(Records contained in a dataset)
---*---
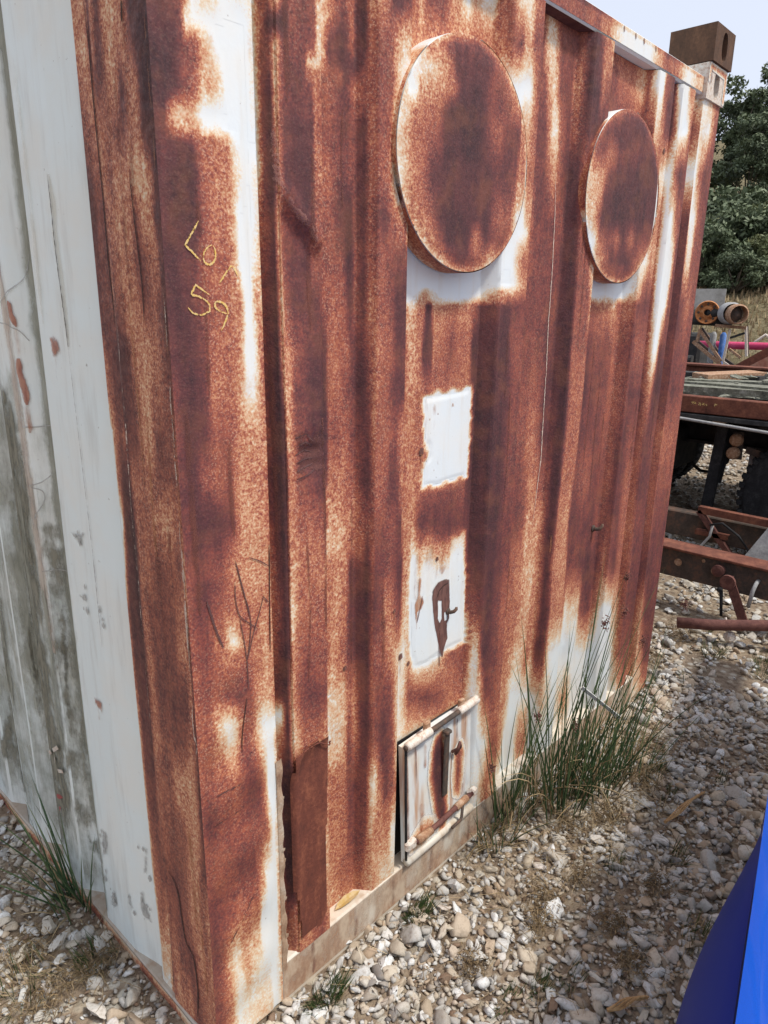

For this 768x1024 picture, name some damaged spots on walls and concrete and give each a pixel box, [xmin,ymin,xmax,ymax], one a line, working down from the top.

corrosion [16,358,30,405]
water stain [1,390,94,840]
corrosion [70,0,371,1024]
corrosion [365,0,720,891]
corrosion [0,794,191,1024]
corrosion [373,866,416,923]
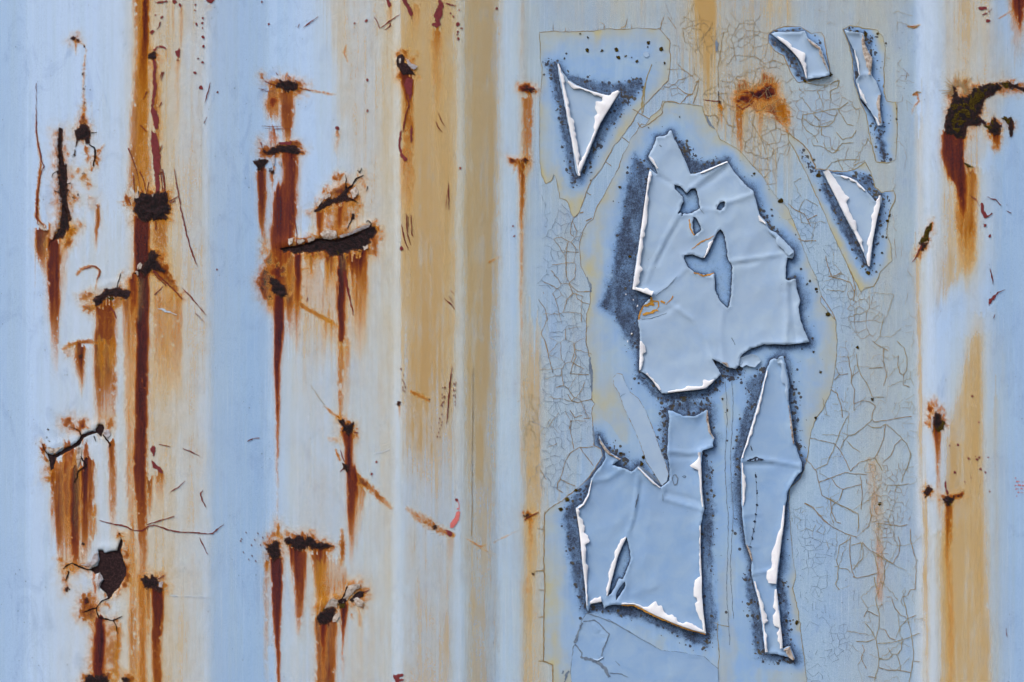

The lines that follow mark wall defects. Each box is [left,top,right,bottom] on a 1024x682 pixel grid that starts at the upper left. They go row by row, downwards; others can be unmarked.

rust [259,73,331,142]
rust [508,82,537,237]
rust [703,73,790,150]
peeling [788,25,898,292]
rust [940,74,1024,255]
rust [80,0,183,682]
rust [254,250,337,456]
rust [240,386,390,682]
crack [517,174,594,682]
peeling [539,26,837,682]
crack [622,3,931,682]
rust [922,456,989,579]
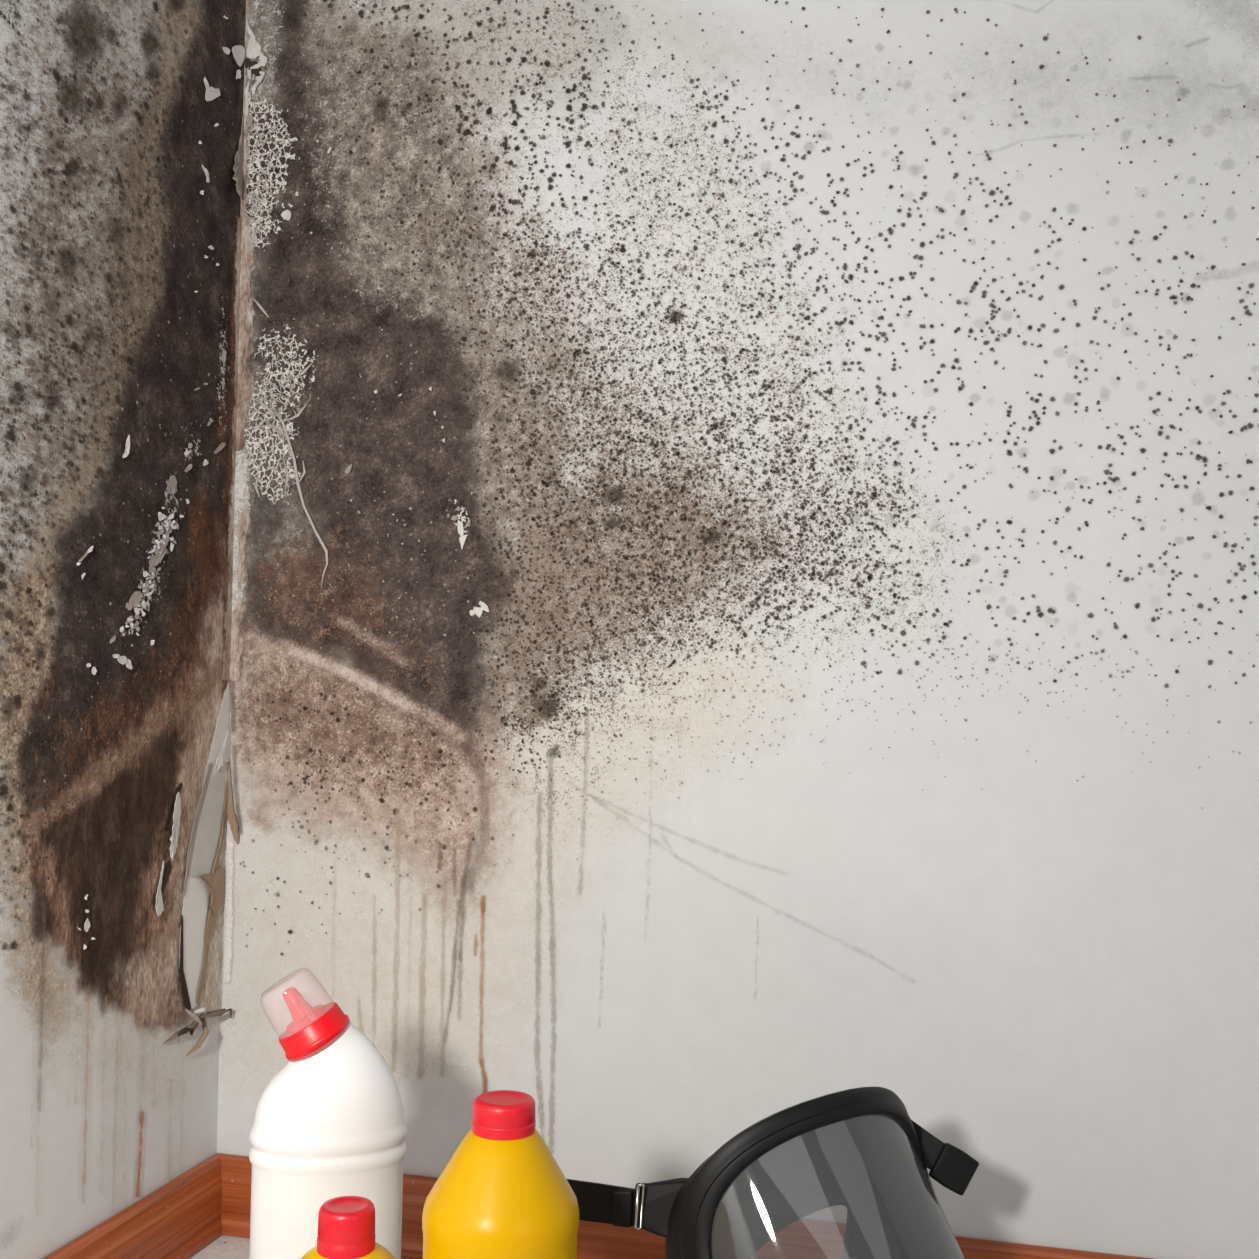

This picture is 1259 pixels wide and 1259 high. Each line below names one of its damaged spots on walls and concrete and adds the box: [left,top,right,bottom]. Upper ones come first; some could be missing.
---*---
*TASK STATEMENT*
All of the records above are to be printed exactly, with every picture omitted.

*RESPONSE TO THE EXERCISE*
For this 768x1024 picture, name some damaged spots on walls and concrete and give each a pixel box, [xmin,ymin,xmax,ymax], one a line, working down from the top.

corrosion [16,358,30,405]
water stain [1,390,94,840]
corrosion [70,0,371,1024]
corrosion [365,0,720,891]
corrosion [0,794,191,1024]
corrosion [373,866,416,923]

The lines that follow mark wall defects. Each box is [left,top,right,bottom] on a 1024x682 pixel grid that starts at the upper left. They go row by row, downwards; others can be unmarked.

rust [259,73,331,142]
rust [508,82,537,237]
rust [703,73,790,150]
peeling [788,25,898,292]
rust [940,74,1024,255]
rust [80,0,183,682]
rust [254,250,337,456]
rust [240,386,390,682]
crack [517,174,594,682]
peeling [539,26,837,682]
crack [622,3,931,682]
rust [922,456,989,579]

This picture is 1259 pixels wide and 1259 high. Each line below names one of its damaged spots on walls and concrete and adds the box: [left,top,right,bottom]. Upper ones come first; some could be missing.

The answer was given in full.